Xiao Yong-Li, Malik Mukesh, Whitelaw Catherine A, Town Christopher D
The Institute for Genomic Research, 9712 Medical Center Drive, Rockville, Maryland 20850, USA.
Plant Physiol. 2002 Dec;130(4):2118-28. doi: 10.1104/pp.010207.
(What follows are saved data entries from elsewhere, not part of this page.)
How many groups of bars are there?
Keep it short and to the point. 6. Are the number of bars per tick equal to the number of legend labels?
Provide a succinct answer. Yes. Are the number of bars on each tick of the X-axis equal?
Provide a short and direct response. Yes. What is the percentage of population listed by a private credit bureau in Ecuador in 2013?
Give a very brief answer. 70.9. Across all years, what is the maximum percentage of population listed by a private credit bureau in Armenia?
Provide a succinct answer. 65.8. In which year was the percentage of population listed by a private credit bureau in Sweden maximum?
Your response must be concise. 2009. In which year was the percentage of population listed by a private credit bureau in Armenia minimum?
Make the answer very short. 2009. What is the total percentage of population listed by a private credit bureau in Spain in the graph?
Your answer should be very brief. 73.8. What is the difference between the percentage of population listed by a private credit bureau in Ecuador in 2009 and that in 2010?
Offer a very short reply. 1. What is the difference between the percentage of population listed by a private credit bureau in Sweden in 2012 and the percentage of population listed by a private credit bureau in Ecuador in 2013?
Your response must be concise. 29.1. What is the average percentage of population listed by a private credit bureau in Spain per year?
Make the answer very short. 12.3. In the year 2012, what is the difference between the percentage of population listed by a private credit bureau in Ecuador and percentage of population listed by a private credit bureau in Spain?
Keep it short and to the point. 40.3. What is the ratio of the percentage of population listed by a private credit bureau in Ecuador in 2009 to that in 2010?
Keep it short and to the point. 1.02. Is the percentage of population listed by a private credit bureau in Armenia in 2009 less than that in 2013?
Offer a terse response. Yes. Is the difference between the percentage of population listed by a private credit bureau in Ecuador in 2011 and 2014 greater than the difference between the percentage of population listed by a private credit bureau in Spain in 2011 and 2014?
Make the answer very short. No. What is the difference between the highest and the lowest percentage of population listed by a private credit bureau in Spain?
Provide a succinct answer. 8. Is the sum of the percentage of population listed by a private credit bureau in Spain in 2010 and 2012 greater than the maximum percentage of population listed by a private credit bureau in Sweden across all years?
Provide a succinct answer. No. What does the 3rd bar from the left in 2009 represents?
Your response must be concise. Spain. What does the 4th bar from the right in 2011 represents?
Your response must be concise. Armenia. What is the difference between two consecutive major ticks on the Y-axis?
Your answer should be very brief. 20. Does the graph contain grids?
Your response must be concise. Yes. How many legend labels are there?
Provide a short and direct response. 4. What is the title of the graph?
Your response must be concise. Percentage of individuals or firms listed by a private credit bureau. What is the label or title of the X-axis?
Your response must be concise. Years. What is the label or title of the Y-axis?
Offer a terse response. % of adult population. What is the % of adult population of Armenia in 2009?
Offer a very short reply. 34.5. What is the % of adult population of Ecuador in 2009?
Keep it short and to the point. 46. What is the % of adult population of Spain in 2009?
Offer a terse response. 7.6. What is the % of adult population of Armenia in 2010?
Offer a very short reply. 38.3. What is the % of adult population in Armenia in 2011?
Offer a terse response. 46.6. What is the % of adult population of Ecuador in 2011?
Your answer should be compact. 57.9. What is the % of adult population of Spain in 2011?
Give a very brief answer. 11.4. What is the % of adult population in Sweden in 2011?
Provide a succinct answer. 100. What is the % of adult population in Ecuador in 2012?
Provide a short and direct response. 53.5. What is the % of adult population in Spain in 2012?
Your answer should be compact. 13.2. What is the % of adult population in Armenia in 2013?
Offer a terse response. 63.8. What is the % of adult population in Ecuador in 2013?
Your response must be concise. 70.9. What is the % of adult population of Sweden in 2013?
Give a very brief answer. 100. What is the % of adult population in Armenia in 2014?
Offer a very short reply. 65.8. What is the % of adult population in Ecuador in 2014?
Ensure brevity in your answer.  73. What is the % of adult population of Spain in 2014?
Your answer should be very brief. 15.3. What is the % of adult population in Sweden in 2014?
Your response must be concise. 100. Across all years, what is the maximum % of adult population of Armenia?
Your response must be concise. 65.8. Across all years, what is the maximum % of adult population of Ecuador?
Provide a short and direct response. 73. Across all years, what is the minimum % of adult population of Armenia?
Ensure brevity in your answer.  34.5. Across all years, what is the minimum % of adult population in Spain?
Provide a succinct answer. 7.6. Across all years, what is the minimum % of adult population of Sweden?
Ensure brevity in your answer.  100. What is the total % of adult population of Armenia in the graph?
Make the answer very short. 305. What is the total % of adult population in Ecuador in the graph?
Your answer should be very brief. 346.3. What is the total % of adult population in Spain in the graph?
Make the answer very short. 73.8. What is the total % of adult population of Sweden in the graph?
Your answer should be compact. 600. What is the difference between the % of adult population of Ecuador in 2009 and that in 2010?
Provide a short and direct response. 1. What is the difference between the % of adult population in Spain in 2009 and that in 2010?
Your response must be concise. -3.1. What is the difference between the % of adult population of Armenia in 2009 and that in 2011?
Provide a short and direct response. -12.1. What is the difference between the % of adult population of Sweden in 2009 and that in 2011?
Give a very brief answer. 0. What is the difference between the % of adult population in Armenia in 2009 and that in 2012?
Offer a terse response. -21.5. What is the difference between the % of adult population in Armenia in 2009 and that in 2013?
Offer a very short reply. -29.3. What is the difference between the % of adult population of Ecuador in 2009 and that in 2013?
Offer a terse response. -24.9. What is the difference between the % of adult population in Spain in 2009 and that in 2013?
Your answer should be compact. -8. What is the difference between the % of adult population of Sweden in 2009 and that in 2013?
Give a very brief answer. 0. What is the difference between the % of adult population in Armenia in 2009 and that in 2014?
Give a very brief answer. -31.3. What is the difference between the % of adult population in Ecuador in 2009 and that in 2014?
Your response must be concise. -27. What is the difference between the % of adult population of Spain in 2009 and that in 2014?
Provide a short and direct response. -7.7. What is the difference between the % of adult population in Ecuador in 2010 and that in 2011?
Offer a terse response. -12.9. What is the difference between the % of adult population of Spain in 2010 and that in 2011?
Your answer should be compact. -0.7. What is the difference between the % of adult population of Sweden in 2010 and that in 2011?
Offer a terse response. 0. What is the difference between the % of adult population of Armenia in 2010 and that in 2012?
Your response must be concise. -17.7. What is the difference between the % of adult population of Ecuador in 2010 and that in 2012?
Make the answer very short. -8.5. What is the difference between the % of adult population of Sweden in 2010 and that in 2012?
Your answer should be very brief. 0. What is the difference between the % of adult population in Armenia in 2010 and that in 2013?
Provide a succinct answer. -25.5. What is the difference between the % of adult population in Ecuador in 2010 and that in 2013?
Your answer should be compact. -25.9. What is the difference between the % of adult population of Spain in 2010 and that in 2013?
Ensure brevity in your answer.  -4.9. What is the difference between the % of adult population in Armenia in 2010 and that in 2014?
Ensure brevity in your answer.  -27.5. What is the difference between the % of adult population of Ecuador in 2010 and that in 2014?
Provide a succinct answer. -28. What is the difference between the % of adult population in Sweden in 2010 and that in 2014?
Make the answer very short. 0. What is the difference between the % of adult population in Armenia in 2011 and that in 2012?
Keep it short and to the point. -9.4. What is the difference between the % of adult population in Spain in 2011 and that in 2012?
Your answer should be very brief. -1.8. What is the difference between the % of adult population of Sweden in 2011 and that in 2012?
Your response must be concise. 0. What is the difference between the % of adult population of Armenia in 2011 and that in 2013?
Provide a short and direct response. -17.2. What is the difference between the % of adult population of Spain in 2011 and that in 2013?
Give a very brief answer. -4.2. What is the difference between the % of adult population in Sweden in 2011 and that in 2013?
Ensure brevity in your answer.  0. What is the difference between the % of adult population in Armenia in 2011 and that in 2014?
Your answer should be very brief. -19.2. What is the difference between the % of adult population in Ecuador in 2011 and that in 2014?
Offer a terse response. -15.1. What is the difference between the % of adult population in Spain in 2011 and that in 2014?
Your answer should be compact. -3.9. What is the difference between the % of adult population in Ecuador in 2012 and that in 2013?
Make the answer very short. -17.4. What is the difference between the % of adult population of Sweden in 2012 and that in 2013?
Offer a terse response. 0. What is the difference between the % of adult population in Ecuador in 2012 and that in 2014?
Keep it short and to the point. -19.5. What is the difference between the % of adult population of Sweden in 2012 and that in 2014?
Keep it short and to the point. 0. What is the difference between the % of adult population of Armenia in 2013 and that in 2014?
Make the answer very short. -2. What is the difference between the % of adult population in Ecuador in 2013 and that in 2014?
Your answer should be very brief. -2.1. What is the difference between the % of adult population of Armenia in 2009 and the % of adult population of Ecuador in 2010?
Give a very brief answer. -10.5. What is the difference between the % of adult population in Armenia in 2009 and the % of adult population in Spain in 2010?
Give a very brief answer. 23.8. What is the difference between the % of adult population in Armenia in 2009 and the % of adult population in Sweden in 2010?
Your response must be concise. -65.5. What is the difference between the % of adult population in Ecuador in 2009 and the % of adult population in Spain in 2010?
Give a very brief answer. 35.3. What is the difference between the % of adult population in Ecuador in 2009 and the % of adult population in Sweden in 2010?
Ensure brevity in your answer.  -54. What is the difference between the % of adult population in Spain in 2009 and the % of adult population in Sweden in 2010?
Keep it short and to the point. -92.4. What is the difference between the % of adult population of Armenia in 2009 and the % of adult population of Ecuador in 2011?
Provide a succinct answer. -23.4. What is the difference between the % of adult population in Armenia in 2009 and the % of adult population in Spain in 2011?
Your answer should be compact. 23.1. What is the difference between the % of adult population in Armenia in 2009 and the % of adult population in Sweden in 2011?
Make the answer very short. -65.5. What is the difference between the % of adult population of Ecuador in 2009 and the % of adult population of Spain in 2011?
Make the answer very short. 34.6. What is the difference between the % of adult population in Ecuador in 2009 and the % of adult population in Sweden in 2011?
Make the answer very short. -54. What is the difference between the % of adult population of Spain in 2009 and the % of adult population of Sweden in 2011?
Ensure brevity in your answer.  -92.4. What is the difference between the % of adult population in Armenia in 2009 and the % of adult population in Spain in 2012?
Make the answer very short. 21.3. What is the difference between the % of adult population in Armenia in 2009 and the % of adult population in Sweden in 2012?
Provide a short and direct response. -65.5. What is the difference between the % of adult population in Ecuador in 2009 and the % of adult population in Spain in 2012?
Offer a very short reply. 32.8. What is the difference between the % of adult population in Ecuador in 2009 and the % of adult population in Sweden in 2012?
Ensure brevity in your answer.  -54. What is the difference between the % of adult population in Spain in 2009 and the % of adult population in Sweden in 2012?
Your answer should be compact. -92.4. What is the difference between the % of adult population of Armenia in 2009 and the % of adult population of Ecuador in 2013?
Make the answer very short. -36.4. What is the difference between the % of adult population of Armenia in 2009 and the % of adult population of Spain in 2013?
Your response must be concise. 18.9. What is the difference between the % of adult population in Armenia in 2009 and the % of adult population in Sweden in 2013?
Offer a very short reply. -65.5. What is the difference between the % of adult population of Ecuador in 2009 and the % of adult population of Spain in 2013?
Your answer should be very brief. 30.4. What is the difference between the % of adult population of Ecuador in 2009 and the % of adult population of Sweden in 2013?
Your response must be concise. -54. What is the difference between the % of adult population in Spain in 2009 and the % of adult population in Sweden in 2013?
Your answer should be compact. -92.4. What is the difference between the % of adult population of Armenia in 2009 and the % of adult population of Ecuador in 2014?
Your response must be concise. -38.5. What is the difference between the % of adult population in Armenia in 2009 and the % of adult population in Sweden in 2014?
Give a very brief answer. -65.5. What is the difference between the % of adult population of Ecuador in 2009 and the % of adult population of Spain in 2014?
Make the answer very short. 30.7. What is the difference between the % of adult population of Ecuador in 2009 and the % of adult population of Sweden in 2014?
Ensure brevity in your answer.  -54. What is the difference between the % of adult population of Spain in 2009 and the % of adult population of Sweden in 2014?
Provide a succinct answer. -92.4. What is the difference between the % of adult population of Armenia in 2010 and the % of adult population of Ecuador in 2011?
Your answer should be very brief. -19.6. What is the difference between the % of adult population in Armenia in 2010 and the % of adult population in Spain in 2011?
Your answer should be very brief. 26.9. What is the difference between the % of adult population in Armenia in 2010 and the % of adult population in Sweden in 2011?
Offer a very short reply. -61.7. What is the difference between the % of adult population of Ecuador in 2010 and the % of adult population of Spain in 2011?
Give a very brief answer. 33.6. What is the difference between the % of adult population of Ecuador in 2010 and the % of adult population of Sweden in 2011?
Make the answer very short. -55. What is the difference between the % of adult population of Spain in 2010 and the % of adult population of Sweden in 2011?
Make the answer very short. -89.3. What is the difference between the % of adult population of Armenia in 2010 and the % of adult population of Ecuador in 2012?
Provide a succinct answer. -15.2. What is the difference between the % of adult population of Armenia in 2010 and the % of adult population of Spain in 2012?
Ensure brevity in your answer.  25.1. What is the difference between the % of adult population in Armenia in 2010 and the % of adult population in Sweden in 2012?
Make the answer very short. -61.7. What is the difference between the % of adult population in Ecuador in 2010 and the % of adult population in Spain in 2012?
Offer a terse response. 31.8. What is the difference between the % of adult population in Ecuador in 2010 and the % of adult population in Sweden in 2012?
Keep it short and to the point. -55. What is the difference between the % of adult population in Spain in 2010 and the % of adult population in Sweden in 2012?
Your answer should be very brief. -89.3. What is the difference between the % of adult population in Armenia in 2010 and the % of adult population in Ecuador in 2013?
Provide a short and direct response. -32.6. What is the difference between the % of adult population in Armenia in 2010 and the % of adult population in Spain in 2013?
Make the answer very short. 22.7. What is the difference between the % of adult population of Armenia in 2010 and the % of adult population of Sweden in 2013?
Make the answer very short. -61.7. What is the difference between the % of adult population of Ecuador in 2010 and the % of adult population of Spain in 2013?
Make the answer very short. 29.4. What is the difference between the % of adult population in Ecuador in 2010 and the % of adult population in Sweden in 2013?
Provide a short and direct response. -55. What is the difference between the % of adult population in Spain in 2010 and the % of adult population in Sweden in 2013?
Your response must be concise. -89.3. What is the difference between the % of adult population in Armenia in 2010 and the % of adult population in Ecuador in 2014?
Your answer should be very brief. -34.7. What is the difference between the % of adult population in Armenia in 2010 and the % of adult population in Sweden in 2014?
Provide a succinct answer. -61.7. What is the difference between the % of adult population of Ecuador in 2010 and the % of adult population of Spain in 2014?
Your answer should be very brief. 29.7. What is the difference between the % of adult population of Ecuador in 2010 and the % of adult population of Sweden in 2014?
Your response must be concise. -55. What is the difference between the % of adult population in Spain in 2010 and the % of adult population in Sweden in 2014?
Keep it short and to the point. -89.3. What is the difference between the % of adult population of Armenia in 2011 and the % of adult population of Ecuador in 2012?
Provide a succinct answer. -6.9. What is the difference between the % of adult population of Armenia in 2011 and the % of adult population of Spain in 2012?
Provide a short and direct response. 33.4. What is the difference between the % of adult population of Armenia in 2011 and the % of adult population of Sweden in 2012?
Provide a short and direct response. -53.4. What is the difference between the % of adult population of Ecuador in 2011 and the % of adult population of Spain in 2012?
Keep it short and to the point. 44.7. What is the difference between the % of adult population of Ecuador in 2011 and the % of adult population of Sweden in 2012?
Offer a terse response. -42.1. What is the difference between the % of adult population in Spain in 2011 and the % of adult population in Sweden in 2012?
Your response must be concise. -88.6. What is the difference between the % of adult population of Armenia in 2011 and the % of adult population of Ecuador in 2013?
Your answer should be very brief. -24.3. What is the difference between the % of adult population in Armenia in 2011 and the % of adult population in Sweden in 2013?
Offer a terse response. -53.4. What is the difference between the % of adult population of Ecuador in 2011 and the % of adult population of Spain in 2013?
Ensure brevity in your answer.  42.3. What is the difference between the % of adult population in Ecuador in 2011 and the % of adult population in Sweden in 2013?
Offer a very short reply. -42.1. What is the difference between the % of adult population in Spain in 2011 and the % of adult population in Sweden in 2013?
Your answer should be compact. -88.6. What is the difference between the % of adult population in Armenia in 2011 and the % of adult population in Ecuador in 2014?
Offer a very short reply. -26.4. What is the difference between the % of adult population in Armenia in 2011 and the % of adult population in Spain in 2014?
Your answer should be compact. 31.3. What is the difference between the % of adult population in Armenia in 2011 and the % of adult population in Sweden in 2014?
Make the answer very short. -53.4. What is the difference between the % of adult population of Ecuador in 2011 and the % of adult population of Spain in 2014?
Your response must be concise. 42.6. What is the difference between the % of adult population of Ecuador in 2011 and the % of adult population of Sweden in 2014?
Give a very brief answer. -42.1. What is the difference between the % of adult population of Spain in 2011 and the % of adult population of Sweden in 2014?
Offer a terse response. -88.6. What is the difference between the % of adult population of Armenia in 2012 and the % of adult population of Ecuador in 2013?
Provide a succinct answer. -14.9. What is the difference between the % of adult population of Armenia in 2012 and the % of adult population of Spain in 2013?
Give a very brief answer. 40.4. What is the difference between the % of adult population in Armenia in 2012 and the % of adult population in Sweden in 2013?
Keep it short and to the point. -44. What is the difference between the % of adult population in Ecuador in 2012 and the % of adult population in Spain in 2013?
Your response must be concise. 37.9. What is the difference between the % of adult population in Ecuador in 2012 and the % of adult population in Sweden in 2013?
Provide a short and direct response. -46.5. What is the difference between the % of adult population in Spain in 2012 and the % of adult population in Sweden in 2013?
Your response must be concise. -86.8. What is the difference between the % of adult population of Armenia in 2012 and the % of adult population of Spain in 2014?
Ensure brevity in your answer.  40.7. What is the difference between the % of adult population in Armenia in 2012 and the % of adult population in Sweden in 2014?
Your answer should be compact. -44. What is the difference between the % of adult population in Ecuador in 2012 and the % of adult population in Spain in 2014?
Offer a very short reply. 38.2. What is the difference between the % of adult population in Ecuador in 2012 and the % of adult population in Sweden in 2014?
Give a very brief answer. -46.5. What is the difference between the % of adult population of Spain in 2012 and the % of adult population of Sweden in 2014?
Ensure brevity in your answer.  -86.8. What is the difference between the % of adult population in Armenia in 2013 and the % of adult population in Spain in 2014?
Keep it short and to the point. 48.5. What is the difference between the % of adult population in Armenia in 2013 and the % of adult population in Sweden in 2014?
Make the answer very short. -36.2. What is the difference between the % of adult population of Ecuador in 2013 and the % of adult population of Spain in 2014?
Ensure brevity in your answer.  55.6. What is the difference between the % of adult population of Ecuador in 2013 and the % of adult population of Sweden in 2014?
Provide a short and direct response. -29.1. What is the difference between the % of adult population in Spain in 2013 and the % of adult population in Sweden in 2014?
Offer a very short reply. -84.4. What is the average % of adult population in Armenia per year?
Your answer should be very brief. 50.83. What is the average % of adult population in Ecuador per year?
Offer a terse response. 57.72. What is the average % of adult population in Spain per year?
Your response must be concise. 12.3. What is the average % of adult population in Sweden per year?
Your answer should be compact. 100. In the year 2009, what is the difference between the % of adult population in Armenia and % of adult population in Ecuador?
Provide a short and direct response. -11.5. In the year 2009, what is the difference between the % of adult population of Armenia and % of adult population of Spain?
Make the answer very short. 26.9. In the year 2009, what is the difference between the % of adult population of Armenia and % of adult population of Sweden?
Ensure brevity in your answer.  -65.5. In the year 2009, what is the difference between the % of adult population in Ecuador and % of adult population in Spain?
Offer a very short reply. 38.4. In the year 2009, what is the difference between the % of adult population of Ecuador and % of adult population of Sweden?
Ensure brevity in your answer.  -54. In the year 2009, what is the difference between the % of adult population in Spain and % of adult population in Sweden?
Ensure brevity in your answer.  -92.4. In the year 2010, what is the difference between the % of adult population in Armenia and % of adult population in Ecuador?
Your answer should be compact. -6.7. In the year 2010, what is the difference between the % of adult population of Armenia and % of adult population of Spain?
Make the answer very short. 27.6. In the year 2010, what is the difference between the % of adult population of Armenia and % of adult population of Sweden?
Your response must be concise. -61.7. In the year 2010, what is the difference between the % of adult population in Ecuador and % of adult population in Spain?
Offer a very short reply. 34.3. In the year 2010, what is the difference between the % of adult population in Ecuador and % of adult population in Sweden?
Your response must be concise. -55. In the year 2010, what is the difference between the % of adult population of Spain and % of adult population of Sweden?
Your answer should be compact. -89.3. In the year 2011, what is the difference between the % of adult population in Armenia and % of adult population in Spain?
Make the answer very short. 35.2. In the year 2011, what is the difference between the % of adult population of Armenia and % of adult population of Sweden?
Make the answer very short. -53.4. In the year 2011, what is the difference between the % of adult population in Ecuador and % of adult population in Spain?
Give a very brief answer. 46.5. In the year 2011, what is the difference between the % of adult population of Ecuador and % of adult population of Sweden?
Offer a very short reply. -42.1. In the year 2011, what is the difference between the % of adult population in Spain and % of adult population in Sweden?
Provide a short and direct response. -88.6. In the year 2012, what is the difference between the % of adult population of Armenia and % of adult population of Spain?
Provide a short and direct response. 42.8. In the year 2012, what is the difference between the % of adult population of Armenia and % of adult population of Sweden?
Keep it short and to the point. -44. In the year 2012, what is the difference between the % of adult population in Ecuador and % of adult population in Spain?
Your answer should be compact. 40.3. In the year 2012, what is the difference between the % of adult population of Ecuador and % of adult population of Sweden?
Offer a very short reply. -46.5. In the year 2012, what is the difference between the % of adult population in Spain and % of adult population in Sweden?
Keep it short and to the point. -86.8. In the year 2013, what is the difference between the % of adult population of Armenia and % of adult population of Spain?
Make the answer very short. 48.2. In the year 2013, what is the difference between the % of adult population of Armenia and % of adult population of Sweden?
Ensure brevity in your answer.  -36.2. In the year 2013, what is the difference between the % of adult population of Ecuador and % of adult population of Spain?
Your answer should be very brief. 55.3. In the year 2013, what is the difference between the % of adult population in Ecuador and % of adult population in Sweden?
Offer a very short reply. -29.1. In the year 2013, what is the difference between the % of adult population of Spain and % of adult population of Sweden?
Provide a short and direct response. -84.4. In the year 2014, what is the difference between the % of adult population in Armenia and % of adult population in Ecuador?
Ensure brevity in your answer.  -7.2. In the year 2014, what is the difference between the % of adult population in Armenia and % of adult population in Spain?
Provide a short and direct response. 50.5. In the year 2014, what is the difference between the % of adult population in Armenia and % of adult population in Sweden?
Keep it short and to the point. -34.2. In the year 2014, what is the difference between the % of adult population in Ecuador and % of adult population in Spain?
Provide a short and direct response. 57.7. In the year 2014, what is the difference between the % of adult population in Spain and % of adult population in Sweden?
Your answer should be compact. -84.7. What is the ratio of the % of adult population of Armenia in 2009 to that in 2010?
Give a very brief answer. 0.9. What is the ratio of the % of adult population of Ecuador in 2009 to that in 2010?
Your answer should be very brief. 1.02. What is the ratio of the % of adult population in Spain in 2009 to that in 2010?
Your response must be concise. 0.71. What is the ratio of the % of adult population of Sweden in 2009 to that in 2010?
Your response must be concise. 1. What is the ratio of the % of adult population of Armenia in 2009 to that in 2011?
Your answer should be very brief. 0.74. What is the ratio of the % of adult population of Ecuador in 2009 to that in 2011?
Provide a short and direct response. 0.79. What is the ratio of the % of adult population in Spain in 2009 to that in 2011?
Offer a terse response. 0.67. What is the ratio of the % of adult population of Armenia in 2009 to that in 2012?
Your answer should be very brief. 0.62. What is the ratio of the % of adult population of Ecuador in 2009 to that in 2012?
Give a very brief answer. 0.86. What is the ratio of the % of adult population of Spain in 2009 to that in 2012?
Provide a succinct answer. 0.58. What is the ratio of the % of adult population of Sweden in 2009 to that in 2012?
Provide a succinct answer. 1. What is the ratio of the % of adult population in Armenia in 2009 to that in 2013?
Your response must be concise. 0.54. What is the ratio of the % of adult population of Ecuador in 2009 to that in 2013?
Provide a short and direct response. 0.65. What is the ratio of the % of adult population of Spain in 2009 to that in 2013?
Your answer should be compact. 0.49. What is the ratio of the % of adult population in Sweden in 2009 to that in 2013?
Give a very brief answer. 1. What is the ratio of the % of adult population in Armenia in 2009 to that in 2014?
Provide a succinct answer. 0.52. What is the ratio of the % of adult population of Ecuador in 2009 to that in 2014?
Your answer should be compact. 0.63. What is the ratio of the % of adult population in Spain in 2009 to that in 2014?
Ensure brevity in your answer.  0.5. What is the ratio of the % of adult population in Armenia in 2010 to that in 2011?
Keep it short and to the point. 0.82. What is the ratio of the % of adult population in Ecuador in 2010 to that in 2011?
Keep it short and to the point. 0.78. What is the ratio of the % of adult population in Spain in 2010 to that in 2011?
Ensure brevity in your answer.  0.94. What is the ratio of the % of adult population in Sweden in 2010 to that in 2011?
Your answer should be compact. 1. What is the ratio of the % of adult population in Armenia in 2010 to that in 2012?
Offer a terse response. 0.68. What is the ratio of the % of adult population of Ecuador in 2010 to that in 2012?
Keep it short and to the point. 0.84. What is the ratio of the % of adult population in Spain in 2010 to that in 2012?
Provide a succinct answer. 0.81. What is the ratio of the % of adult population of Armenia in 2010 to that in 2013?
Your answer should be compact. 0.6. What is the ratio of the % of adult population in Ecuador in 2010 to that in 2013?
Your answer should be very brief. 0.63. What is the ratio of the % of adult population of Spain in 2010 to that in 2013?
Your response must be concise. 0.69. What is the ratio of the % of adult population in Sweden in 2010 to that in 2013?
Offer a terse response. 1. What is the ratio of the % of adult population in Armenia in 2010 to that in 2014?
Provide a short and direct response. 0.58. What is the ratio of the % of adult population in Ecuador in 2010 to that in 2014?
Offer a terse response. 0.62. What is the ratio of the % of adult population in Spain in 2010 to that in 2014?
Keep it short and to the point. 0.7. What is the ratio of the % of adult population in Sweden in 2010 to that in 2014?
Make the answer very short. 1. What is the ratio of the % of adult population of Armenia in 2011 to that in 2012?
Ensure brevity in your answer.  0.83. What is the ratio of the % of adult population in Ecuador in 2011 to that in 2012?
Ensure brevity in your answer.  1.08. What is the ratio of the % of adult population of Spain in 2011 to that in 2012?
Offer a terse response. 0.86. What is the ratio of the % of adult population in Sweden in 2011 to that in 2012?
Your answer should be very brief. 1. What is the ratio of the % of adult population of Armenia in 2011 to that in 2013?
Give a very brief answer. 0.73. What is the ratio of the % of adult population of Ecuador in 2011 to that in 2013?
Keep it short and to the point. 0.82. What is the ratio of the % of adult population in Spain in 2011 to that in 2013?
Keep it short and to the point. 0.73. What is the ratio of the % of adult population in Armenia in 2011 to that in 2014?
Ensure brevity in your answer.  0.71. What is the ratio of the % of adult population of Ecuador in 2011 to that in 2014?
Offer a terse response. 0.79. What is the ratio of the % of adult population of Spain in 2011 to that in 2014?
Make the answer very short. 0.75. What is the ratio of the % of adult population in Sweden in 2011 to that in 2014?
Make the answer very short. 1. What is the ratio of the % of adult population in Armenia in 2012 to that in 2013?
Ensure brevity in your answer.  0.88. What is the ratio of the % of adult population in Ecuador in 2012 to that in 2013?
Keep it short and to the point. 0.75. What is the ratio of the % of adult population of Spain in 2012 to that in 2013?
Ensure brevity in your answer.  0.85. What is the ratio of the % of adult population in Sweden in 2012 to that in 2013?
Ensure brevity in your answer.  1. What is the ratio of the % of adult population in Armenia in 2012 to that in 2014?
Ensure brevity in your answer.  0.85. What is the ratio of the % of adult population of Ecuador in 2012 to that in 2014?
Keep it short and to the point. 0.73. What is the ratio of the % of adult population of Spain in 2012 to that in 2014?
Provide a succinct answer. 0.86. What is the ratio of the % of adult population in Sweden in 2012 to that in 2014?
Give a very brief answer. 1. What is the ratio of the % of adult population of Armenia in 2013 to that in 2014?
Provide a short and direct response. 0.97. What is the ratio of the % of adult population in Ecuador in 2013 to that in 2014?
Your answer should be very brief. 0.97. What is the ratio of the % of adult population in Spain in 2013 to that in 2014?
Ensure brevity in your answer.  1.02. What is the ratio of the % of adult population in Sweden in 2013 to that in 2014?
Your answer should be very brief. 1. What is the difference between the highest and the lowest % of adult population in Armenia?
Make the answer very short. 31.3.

About 25% of the genes in the fully sequenced and annotated Arabidopsis genome have structures that are predicted solely by computer algorithms with no support from either nucleic acid or protein homologs from other species or expressed sequence matches from Arabidopsis. These are referred to as "hypothetical genes." On chromosome 2, sequenced by The Institute for Genomic Research, there are approximately 800 hypothetical genes among a total of approximately 4,100 genes. To test their expression under various growth conditions and in specific tissues, we used six cDNA populations prepared from cold-treated, heat-treated, and pathogen (Xanthomonas campestris pv campestris)-infected plants, callus, roots, and young seedlings. To date, 169 hypothetical genes were tested, and 138 of them are found to be expressed in one or more of the six cDNA populations. By sequencing multiple clones from each 5'- and 3'-rapid amplification of cDNA ends (RACE) product and assembling the sequences, we generated full-length sequences for 16 of these genes. For 14 genes, there was one full-length assembly that precisely supported the intron-exon boundaries of their gene predictions, adding only 5'- and 3'-untranslated region sequences. However, for three of these genes, the other assemblies represent additional exons and alternatively spliced or unspliced introns. For the remaining two genes, the cDNA sequences reveal major differences with predicted gene structures. In addition, a total of six genes displayed more than one polyadenylation site. These data will be used to update gene models in The Institute for Genomic Research annotation database ATH1.
在已完成全序列测定和注释的拟南芥基因组中,约25%的基因结构仅由计算机算法预测得出,没有来自其他物种的核酸或蛋白质同源物的支持,也没有拟南芥的表达序列匹配。这些被称为“假设基因”。在由基因组研究所测序的2号染色体上,总共约4100个基因中大约有800个假设基因。为了测试它们在各种生长条件下和特定组织中的表达情况,我们使用了从经过冷处理、热处理和病原体(野油菜黄单胞菌野油菜致病变种)感染的植物、愈伤组织、根和幼苗中制备的六个cDNA文库。到目前为止,对169个假设基因进行了测试,发现其中138个在六个cDNA文库中的一个或多个中表达。通过对每个5'-和3'-cDNA末端快速扩增(RACE)产物的多个克隆进行测序并组装序列,我们获得了其中16个基因的全长序列。对于14个基因,有一个全长组装精确支持了其基因预测的内含子-外显子边界,仅增加了5'-和3'-非翻译区序列。然而,对于其中三个基因,其他组装代表了额外的外显子以及可变剪接或未剪接的内含子。对于其余两个基因,cDNA序列显示出与预测基因结构的重大差异。此外,总共有六个基因显示出不止一个聚腺苷酸化位点。这些数据将用于更新基因组研究所注释数据库ATH1中的基因模型。